Assume that at the $k$th step we have the iterate $x_k$ and found a descent direction $d$. Our goal is then to find a step size $t$ that solves

$$ \min_{t>0} \phi(t)\quad \text{ where } \phi : R \to R \text{ with } \phi(t) = f(x_k + t d) $$

This problem is a univariate optimization problem. Nevertheless, the first-order necessary condition is only one (potentially complicated) equation. If we cannot solve this equation, we can easily find an approximate solution, for example, by evaluating $\phi$ for many $t$'s and using the one giving the smallest function value. However, this might be very costly in practise, when computing $f$ is computationally expensive (think about $f$ requiring non-trivial computations, e.g., solving some PDEs).

One way to avoid solving the line search problem exactly is backtracking, which is illustrated in this notebook.

Example: Rosenbrock's function


In [5]:
f(x) = (1-x[1])^2 + 100*(x[2]-x[1]^2)^2
df(x) = [-2*(1-x[1])-400*(x[2]-x[1]^2)*x[1]; 200*(x[2]-x[1]^2)]
x0  = [0.5;2]
df0 = df(x0)


# plot function and starting guess
x1 = linspace(-1.5,2,101)
x2 = linspace(-0.5,3,101)
fx = [f([x1[k],x2[j]]) for k=1:length(x1), j=1:length(x2)]
contour(x1,x2,fx',50,hold=true)

plot(x0[1],x0[2],"or")
quiver(x0[1],x0[2],df0[1],df0[2],color="r",hold=true)

        # add linesearch area
d = -2*df0/norm(df0)
t = linspace(0,1,101)
xs1 = x0[1]+t*d[1]
xs2 = x0[2]+t*d[2]
plot(xs1,xs2,"-r")


Out[5]:
1-element Array{Any,1}:
 PyObject <matplotlib.lines.Line2D object at 0x31a278fd0>

The sufficient decrease condition


In [7]:
tt= t
phi(t) = f(x0+t*d)
dphi(t) = dot(d,df(x0+t*d))

phit = [f([xs1[k];xs2[k]]) for k=1:length(tt)]
plot(t,phit,"-r",hold=true)
ylabel("phi(t)")
xlabel("t")
return
# add linearization of phi
g(t) = phi(0) + t*dphi(0)
plot(tt,g(tt),"--b")

# add backtracking function
l(t) = phi(0) + 2e-1*t*dphi(0)
plot(tt,l(tt),"-b")
legend(("phi","phi(0)+t*dphi(0)","phi(0)+1e-1*t*dphi(0)"),loc=2)

# Backtracking
plot(1,phi(1),"or")
plot(1/2,phi(1./2),"og");


The above plot visualizes the sufficient decrease condition. All step sizes $t$ where the red curve is below the solid blue curve are acceptable. The blue curve is obtained by damping the linearization of $\phi$ at $0$.

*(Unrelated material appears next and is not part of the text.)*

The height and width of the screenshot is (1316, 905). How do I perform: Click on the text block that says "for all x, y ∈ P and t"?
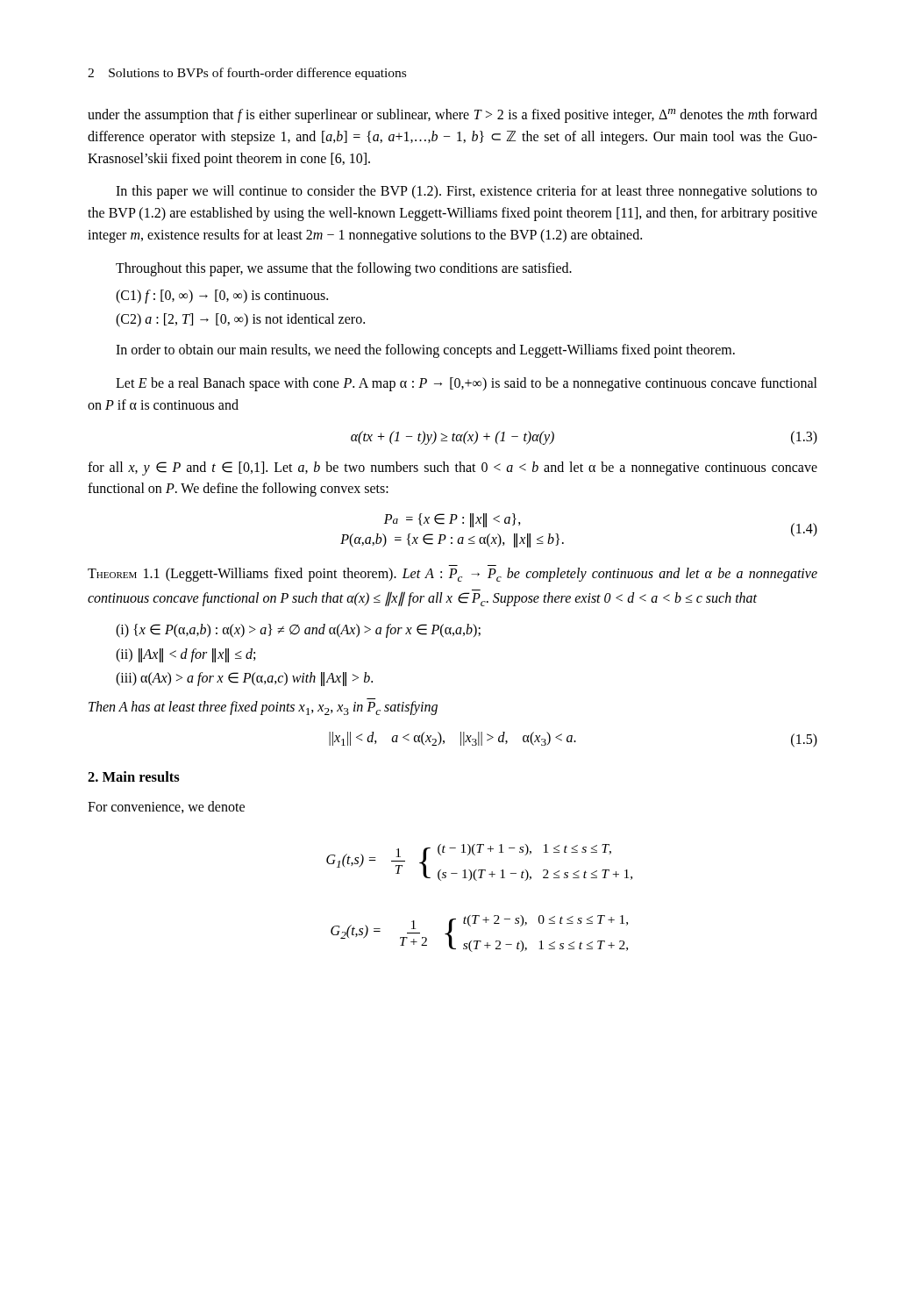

The idea of backtracking is to start with $t=1$ and accept the step if $\phi(1) < l(1)$ (red dot). If not, we try $t=1/2$ which in this case gets accepted (green dot).

The condition $$ f(x_k + t d) < f(x_k) + \alpha \nabla f(x_k)^T d $$

is also called Armijo condition. You can find an implementation of this in the function armijo in the file lineSearch.jl in OptimTools.jl.


In [ ]: